The scope of bookmark actions could include anything that would be recorded by the camera (e.g. a visual cue or an audible cue) . In two main implementations, two bookmark actions are specifically discussed: covering the lens, and shouting a high-pitched (or loud, sharp) noise. A third implementation is to cover the lens and loudly speak an identifier phrase such as "snowboarding jump", to give the bookmark a name for later reference (not as a machine- recognizable command) ; other visual signals can also be used as bookmarks.

Definitions

1. A highlight represents a moment that the user would like to easily locate later on. It can be the video snippet that is ultimately shared with friends by the end user. 2. A bookmark represents a time in the video or audio file that has been marked by the user because it represents a highlight .

3. A bookmark action is what the user must perform to bookmark the highlight. In the initial implementations, the bookmark action is either performed by the user covering the camera lens with a hand or by shouting a high pitched or other easily recognized noise (e.g. "woohoo!"), depending on what is appropriate to the situation. Other machine-recognizable gestures could be used, and the recording of a signal in the video is intended to encompass visual or audible signals.

4. A session is the period of time in which the user is doing some action or sport to be recorded and reviewed later on. In the case of snowboarding, this is from the time the user arrives at the mountain to the time the activity ends, or a shorter segment if desired.

5. A recording sequence is the video recording stream made during a session.

6. A highlight reel is a compilation of highlights, sometimes with a title screen and post-production effects. It can also be the video that is ultimately shared with friends by the end user.

A typical scenario with a wearable camera can be as follows:

1. User goes snowboarding for the day and records several hours of footage on a wearable camera.

2. While snowboarding, user performs the bookmark action after recording any moment that might be of interest.

3. User comes home and plugs the camera into a computer. 4. User launches software and selects videos on the camera to scan.

5. User begins scan and waits for it to finish.

6. When scan is finished, the user is shown all the highlight videos that were found.
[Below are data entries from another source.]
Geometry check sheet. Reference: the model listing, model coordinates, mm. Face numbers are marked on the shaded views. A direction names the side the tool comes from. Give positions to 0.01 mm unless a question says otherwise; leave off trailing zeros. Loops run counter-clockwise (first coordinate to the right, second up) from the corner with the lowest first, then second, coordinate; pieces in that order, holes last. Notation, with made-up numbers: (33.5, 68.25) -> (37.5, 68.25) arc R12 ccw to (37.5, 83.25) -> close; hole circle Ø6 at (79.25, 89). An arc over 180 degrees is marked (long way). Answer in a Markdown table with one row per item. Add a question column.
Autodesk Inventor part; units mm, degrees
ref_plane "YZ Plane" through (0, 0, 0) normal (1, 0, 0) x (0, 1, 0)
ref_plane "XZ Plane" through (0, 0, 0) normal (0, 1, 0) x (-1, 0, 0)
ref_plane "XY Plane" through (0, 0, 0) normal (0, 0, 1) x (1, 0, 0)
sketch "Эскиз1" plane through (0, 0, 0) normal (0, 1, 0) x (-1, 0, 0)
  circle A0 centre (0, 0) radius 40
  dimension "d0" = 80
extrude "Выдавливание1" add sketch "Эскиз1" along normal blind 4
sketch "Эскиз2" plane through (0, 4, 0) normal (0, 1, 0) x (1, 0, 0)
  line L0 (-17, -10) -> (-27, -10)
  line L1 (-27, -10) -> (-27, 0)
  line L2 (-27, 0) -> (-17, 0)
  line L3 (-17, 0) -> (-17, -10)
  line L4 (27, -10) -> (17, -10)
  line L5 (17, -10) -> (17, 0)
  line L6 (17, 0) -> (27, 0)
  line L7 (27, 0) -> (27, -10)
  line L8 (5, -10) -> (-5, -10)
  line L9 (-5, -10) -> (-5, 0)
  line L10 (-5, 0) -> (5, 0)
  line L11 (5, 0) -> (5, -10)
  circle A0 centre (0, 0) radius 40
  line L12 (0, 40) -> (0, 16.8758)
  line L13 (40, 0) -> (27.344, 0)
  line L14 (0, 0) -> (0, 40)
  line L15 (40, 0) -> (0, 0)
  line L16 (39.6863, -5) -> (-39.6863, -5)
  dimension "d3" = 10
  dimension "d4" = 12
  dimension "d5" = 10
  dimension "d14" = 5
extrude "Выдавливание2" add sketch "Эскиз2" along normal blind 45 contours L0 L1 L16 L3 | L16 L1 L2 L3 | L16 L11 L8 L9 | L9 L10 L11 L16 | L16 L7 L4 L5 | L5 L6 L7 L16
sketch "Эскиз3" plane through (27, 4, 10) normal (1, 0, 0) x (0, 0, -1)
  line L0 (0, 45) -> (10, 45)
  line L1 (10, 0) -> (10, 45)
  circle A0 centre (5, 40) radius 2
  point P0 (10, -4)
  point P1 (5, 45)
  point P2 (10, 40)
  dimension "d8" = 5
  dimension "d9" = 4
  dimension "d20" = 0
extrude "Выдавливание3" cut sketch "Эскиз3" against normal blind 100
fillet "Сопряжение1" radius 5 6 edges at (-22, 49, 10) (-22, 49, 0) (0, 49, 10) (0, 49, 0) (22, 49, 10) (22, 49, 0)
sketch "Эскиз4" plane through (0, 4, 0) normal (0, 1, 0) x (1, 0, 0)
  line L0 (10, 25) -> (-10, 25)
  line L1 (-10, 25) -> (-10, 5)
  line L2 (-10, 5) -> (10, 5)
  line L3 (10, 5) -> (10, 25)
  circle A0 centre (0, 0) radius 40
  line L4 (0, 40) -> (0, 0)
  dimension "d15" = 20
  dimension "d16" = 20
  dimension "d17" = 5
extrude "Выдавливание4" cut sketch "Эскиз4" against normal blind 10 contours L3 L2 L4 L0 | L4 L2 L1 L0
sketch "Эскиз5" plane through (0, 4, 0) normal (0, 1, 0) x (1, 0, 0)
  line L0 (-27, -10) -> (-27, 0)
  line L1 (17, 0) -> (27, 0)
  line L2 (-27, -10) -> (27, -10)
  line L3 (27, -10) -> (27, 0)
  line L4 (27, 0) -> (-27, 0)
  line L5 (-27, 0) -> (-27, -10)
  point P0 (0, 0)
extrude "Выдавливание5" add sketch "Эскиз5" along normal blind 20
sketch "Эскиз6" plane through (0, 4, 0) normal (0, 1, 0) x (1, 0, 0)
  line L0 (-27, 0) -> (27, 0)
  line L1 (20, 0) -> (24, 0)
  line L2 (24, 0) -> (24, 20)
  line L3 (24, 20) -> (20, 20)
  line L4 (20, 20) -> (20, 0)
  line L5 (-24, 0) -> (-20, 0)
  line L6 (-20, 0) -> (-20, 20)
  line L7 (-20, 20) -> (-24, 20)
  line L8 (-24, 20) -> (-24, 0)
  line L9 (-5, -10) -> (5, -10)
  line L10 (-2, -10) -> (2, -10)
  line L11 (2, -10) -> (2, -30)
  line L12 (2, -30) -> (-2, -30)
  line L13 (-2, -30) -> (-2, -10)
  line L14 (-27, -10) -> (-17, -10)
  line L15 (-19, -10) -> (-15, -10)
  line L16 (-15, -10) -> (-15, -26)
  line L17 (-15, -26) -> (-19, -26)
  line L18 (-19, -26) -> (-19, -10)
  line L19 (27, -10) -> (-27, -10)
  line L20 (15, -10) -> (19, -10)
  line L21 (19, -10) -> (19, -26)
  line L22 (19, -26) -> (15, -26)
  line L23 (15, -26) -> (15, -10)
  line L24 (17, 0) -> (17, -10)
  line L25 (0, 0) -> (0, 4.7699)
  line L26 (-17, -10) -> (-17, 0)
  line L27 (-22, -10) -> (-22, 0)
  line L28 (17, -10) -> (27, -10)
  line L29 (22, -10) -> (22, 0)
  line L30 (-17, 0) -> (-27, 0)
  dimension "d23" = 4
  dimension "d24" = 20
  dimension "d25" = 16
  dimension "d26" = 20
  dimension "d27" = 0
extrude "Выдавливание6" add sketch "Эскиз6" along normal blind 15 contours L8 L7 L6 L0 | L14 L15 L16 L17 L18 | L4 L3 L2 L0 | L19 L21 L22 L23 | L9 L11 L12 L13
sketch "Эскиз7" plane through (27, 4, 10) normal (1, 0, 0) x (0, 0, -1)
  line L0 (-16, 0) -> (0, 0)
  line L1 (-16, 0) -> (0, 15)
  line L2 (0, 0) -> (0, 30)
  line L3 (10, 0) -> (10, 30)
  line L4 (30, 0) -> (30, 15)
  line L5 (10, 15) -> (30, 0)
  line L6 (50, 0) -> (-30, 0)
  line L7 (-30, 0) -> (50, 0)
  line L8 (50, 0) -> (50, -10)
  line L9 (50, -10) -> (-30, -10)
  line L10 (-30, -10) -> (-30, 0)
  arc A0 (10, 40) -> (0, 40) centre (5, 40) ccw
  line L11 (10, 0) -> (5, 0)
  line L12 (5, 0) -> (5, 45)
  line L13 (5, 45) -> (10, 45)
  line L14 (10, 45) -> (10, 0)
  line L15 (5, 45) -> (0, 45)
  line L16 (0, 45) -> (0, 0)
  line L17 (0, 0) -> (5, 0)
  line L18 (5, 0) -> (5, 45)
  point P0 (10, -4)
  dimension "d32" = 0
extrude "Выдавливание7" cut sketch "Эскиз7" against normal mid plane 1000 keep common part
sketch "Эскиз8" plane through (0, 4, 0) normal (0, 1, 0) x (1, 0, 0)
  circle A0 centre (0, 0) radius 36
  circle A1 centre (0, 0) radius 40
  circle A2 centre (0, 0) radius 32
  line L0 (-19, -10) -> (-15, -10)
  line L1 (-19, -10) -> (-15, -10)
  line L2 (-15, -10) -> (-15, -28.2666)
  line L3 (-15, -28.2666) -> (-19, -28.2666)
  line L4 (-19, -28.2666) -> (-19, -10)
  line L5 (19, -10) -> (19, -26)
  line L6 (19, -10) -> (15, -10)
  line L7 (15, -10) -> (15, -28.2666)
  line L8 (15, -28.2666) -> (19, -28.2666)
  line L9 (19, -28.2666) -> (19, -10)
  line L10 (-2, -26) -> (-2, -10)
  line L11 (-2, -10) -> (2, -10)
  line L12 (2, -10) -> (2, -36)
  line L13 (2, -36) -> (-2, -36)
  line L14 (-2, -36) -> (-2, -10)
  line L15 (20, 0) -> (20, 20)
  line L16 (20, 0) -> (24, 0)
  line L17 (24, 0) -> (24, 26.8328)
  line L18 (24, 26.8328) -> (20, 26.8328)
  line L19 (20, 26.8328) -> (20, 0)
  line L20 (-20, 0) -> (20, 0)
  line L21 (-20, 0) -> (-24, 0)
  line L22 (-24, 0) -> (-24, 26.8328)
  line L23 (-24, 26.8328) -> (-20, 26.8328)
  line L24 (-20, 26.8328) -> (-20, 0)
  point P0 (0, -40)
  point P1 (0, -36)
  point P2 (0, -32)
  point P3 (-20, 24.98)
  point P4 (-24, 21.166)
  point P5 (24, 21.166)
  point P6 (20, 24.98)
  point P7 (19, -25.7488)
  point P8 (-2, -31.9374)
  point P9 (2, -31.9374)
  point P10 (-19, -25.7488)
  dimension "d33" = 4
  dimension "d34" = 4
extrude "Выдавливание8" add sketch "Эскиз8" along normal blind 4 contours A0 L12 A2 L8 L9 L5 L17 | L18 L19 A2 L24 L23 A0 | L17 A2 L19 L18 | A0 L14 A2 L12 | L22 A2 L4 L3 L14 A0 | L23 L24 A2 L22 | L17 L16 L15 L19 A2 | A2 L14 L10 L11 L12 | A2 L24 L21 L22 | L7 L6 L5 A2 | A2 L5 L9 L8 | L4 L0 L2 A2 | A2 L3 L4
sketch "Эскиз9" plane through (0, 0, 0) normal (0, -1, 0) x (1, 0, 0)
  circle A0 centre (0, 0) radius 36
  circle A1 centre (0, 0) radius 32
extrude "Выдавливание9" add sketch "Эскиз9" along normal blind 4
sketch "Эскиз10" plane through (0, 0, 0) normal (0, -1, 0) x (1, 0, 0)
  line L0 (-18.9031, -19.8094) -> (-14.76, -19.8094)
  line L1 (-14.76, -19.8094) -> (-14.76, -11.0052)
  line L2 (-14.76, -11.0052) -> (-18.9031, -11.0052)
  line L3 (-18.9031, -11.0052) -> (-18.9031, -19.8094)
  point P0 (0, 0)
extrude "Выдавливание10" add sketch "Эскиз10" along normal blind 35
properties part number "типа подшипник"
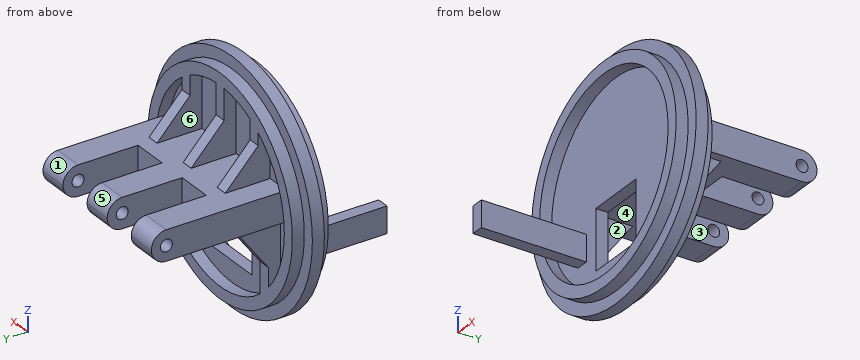
1. Sectioned sample at B-B (y = 2.5). Enter the section's corners in (x, z).
2. Material ranges on L1, parallel to X at y = 31.5, z = 3; L2, parallel to Y at x = -1, z = 5; L3, parallel to Z at x = 2, y = 41, recorded low to high. Write a range as from..to.
3. Gauge pin test, flat ends, axial feed: pin 1 Ø16.5 at (y, z) = (13, 17) entering from +X; pin 2 Ø4.5 at (y, z) = (15, 16) entering from +X; pin 3 Ø5 at (y, z) = (44, 5) entering from -X; pin 4 Ø24 at (x, z) = (-8, -7) entering from -Y. Record the tip position at first contact, or that the pin passes through.
4. Release check for a two-part mould opening along X. For the marked faces 4, 5 and 6 record: released by +X, released by -X, zero draft, split by the parting line, or undercut.
5. Sectioned sample at C-C (x = -13). Enter the section's corners in (y, z), plus the area to 3 significant figures.
6. Sectioned sample at D-D (y = -21). Enter the section's corners in (x, z), plus the area to 3 significant figures.
7. Sectioned sample at A-A (x = 0). Count the separate pieces of the cut face and the enclosed holes in it, plus the area to 3 significant figures.
8. Access from +Z, -Z, +X, -X, +Y, -Y to the whole of each face (thin tool, end or side, straight path). Record for the marked faces 1, 2 and 3.
Response:
| question | item | result |
|---|---|---|
| 1 | outline | circle Ø80 at (0, 0); hole (-10, -25) -> (10, -25) -> (10, -5) -> (-10, -5) -> close |
| 2 | L1 | x = -27..-17, -5..5, 17..27 |
| 2 | L2 | y = 0..42, 46..49 |
| 2 | L3 | z = 0..10 |
| 3 | pin 1 | stops at x = 34.45 |
| 3 | pin 2 | stops at x = 19 |
| 3 | pin 3 | stops at x = -27 |
| 3 | pin 4 | stops at y = -35 |
| 4 | face 4 | undercut |
| 4 | face 5 | zero draft |
| 4 | face 6 | undercut |
| 5 | outline | (-4, -33.57) -> (0, -33.57) -> (0, -37.83) -> (4, -37.83) -> (4, -33.57) -> (8, -33.57) -> (8, -29.24) -> (4, -29.24) -> (4, 0) -> (24, 0) -> (24, 10) -> (4, 10) -> (4, 29.24) -> (8, 29.24) -> (8, 33.57) -> (4, 33.57) -> (4, 37.83) -> (0, 37.83) -> (0, 33.57) -> (-4, 33.57) -> (-4, 29.24) -> (0, 29.24) -> (0, -29.24) -> (-4, -29.24) -> close |
| 5 | area | 572 mm2 |
| 6 | outline | (-18.9, -19.81) -> (-14.76, -19.81) -> (-14.76, -11.01) -> (-18.9, -11.01) -> close |
| 6 | area | 36.5 mm2 |
| 7 | separate pieces | 2 |
| 7 | enclosed holes | 1 |
| 7 | area | 883 mm2 |
| 8 | face 1 | +Z, +X, -X, +Y |
| 8 | face 2 | +Y |
| 8 | face 3 | +Z, -Z, +Y |
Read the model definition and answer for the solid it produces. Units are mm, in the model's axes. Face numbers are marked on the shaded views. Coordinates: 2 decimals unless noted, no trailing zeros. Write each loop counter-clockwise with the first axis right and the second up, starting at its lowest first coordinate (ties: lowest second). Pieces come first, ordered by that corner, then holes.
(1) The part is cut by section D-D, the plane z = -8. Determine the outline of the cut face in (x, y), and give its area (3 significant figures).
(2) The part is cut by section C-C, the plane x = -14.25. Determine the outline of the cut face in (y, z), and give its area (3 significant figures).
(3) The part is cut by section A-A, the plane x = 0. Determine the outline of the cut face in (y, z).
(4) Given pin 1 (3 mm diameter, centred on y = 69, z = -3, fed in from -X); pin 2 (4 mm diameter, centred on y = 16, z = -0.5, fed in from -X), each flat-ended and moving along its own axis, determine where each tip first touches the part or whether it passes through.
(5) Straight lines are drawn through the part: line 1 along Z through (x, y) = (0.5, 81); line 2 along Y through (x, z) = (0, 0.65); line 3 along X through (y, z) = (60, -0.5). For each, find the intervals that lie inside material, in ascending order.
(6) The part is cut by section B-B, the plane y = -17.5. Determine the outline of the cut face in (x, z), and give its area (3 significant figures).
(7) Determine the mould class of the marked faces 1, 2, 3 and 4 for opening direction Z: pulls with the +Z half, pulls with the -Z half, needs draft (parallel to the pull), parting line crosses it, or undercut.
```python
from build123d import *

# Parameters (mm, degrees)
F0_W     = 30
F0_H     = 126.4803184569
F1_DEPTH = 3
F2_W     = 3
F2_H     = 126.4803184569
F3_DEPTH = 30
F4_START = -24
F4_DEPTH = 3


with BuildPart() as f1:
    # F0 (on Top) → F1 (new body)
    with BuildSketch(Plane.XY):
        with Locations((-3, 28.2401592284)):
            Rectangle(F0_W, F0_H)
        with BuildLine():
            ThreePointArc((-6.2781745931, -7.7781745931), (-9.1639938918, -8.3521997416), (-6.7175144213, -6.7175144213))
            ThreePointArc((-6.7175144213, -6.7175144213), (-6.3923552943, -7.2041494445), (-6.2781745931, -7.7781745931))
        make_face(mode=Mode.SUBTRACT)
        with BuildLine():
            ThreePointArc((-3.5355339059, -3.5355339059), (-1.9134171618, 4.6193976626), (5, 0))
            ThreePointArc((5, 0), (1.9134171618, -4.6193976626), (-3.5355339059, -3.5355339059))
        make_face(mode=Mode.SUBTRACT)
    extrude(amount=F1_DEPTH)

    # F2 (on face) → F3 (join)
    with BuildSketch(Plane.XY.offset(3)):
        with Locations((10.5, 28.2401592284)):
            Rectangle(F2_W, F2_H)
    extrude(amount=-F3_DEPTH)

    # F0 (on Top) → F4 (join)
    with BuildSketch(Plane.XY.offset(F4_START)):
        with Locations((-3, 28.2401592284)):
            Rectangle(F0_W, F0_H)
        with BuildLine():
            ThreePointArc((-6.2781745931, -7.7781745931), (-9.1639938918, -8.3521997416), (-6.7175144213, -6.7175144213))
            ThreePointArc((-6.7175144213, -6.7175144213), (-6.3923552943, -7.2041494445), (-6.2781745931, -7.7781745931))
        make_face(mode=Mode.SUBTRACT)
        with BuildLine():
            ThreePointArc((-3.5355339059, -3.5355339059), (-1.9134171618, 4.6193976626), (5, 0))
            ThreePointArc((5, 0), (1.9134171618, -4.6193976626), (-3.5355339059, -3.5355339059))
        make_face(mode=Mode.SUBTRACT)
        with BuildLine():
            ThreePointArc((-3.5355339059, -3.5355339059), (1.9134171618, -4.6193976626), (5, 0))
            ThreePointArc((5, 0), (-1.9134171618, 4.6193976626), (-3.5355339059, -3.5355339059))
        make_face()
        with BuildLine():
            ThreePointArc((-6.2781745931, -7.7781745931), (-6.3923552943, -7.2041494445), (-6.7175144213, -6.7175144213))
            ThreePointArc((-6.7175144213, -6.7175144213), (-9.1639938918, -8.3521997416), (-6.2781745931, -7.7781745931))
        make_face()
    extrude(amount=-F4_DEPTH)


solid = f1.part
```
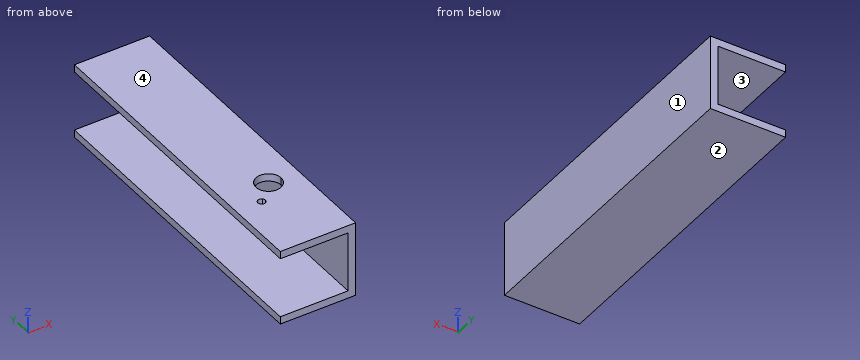
Computed:
1. outline: (9, -35) - (12, -35) - (12, 91.48) - (9, 91.48) - close
1. area: 379 mm2
2. outline: (-35, -27) - (91.48, -27) - (91.48, -24) - (-35, -24) - close; (-35, 0) - (91.48, 0) - (91.48, 3) - (-35, 3) - close
2. area: 759 mm2
3. outline: (-35, -27) - (91.48, -27) - (91.48, -24) - (-35, -24) - close; (-35, 0) - (-5, 0) - (-5, 3) - (-35, 3) - close; (5, 0) - (91.48, 0) - (91.48, 3) - (5, 3) - close
4. pin 1: stops at x = 9
4. pin 2: stops at x = -18
5. line 1: z = -27 to -24, 0 to 3
5. line 2: y = -35 to -5, 5 to 91.48
5. line 3: x = 9 to 12
6. outline: (-18, -27) - (12, -27) - (12, 3) - (-18, 3) - (-18, 0) - (9, 0) - (9, -24) - (-18, -24) - close
6. area: 252 mm2
7. face 1: needs draft
7. face 2: pulls with the -Z half
7. face 3: undercut
7. face 4: pulls with the +Z half
from build123d import *

# Parameters (mm, degrees)
AXLE_BASE_SKETCH_R        = 19
AXLE_DEPTH                = 98.5
GUARD_BASE_R              = 30
GUARD_DEPTH               = 5
INNER_AXLE_HOLE_BASE_R    = 8.5
INNER_AXLE_HOLE_DEPTH     = 104.5
BEND_ROOM_BASE_W          = 1.5
BEND_ROOM_BASE_H          = 50
BEND_ROOM_1_DEPTH         = 66
BEND_ROOM_2_COUNT         = 2
BEND_ROOM_2_ANGLE         = 90
EASY_REMOVAL_CHAMFER_SIZE = 4


with BuildPart() as part:
    # Axle base sketch → Axle (new body)
    with BuildSketch(Plane.XY):
        Circle(AXLE_BASE_SKETCH_R)
    extrude(amount=AXLE_DEPTH)

    # Guard base → Guard (add)
    with BuildSketch(Plane(origin=(0, 0, 0), x_dir=(-1, 0, 0), z_dir=(0, 0, -1))):
        Circle(GUARD_BASE_R)
    extrude(amount=GUARD_DEPTH)

    # Inner axle hole base → Inner axle hole (cut, through all)
    with BuildSketch(Plane.XY.offset(98.5)):
        Circle(INNER_AXLE_HOLE_BASE_R)
    extrude(amount=-INNER_AXLE_HOLE_DEPTH, mode=Mode.SUBTRACT)

    # Mate ring base → Mate rings (revolve)
    with BuildSketch(Plane(origin=(0, 0, 0), x_dir=(1, 0, 0), z_dir=(0, 1, 0))):
        Polygon((19, -98.5), (19.75, -97.75), (19.75, -97), (19, -96.25), align=None)
        Polygon((19, -92.75), (19.75, -92), (19.75, -91.25), (19, -90.5), align=None)
    revolve(axis=Axis((0, 0, 0), (0, 0, -1)))

    # Bend room base → Bend room 1 (cut)
    with BuildSketch(Plane.XY.offset(98.5)):
        Rectangle(BEND_ROOM_BASE_W, BEND_ROOM_BASE_H)
    bend_room_1 = extrude(amount=-BEND_ROOM_1_DEPTH, mode=Mode.SUBTRACT)

    # Bend room 2: Bend room 1 ×2 about axis
    bend_room_2_axis = Axis((0, 0, 0), (0, 0, -1))
    for i in range(1, BEND_ROOM_2_COUNT):
        add(bend_room_1.rotate(bend_room_2_axis, i * BEND_ROOM_2_ANGLE / (BEND_ROOM_2_COUNT - 1)), mode=Mode.SUBTRACT)

    # Easy removal chamfer
    easy_removal_chamfer_edges = [part.edges().sort_by_distance(p)[0] for p in [
        (30, 0, 0),
    ]]
    chamfer(easy_removal_chamfer_edges, length=EASY_REMOVAL_CHAMFER_SIZE)


solid = part.part
Verification items for the finished model (mm, model axes). A direction names the side the tool comes from. Coordinates: 2 decimals unless noted, no trailing zeros. Loops run counter-clockwise (first coordinate to the right, second up) from the corner with the lowest first, then second, coordinate; pieces in that order, holes last. Notation, with made-up numbers: M 77.25,-34.75 L 86.25,-34.75 A16 ccw 86.25,-6.75 Z; hole C 9,23 d6. An arc over 180 degrees is marked long. One line per item, written item: value.
1. Material ranges on line 1 along X through (y, z) = (-17, 34); line 2 along Z through (x, y) = (21.5, 2); line 3 along Y through (x, z) = (0, 30), recorded low to high. Write a range as from..to.
Answers follow:
line 1: -8.49..-0.75, 0.75..8.49
line 2: -5..0
line 3: -19..-8.5, 8.5..19
2. Section check A-A on z = 54.5. Record the cut outline in (x, y), plus the area to 3 significant figures.
Answers follow:
outline: M -18.99,-0.75 A19 ccw -0.75,-18.99 L -0.75,-8.47 A8.5 cw -8.47,-0.75 Z; M -18.99,0.75 L -8.47,0.75 A8.5 cw -0.75,8.47 L -0.75,18.99 A19 ccw Z; M 0.75,-18.99 A19 ccw 18.99,-0.75 L 8.47,-0.75 A8.5 cw 0.75,-8.47 Z; M 0.75,8.47 A8.5 cw 8.47,0.75 L 18.99,0.75 A19 ccw 0.75,18.99 Z
area: 844 mm^2
3. Set-up check for faces 1 (the conical face through (-13.38, -13.66, 90.62)), 2 (the cylindrical face through (13.82, 14.11, 97.37)), 3 (the flat face through (14, 0.75, 66)), 4 (the conical face through (13.66, -13.38, 96.37)), 5 (the flat face through (-0.75, 14, 66)): record each of +Z, -Z, +X, -X, +Y, -Y from which the full face is reachable in a straight line by a thin tool's end or side.
Answers follow:
face 1: -X, -Y
face 2: +Z, +X, +Y
face 3: +Z, +X, -X
face 4: +X, -Y
face 5: +Z, +Y, -Y
4. Gauge pin test, flat ends, axial feed: P1, Ø9, axis at y = -13.5, z = 78.5, coming from the +X side; P2, Ø5.5, axis at x = 14.5, z = 69.5, coming from the +Y side; P3, Ø3, axis at y = 11.5, z = 60.5, coming from the -X side. Record the tip position at first contact, or that the pin passes through.
Answers follow:
P1: x = 16.73
P2: y = 14.93
P3: x = -16.16
5. Section check B-B on z = 14.5. Record the cut outline in (x, y), plus the area to 3 significant figures.
Answers follow:
outline: C 0,0 d38; hole C 0,0 d17
area: 907 mm^2
6. Mould release check, pull along X, two halves, no side actions. Record for faces 6 (the conical face through (13.38, 13.67, 92.62)), 7 (the flat face through (-14, 0.75, 66)), 8 (the flat face through (-0.75, -13, 66)): pulls with the +X half, pulls with the -X half, needs draft (parallel to the pull), parting line crosses it, or undercut.
Answers follow:
face 6: pulls with the +X half
face 7: needs draft
face 8: undercut

7. The user can then take these highlight videos and share them with friends or import them into a separate piece of software to make further edits or add effects. High-Level Implementation

In a preferred implementation, the bookmark action is performed by the user immediately after recording a moment of interest. The bookmark action is recorded into the video so the software can locate it afterward. The software that scans and locates the bookmarks is run on a computer, after the session (although the scan could be done in a computer onboard the camera, or discussed below) . For every bookmark the software locates, a 30 second video clip (i.e. the highlight) is spliced out into a new file, leaving the original file unharmed. The video clip is meant to end at the time of the bookmark action. Thus it captures the previous 30 seconds, for example. This duration is configurable by the user.

After the scan is done, the user can import the 30 second clips into video editing software and make further edits.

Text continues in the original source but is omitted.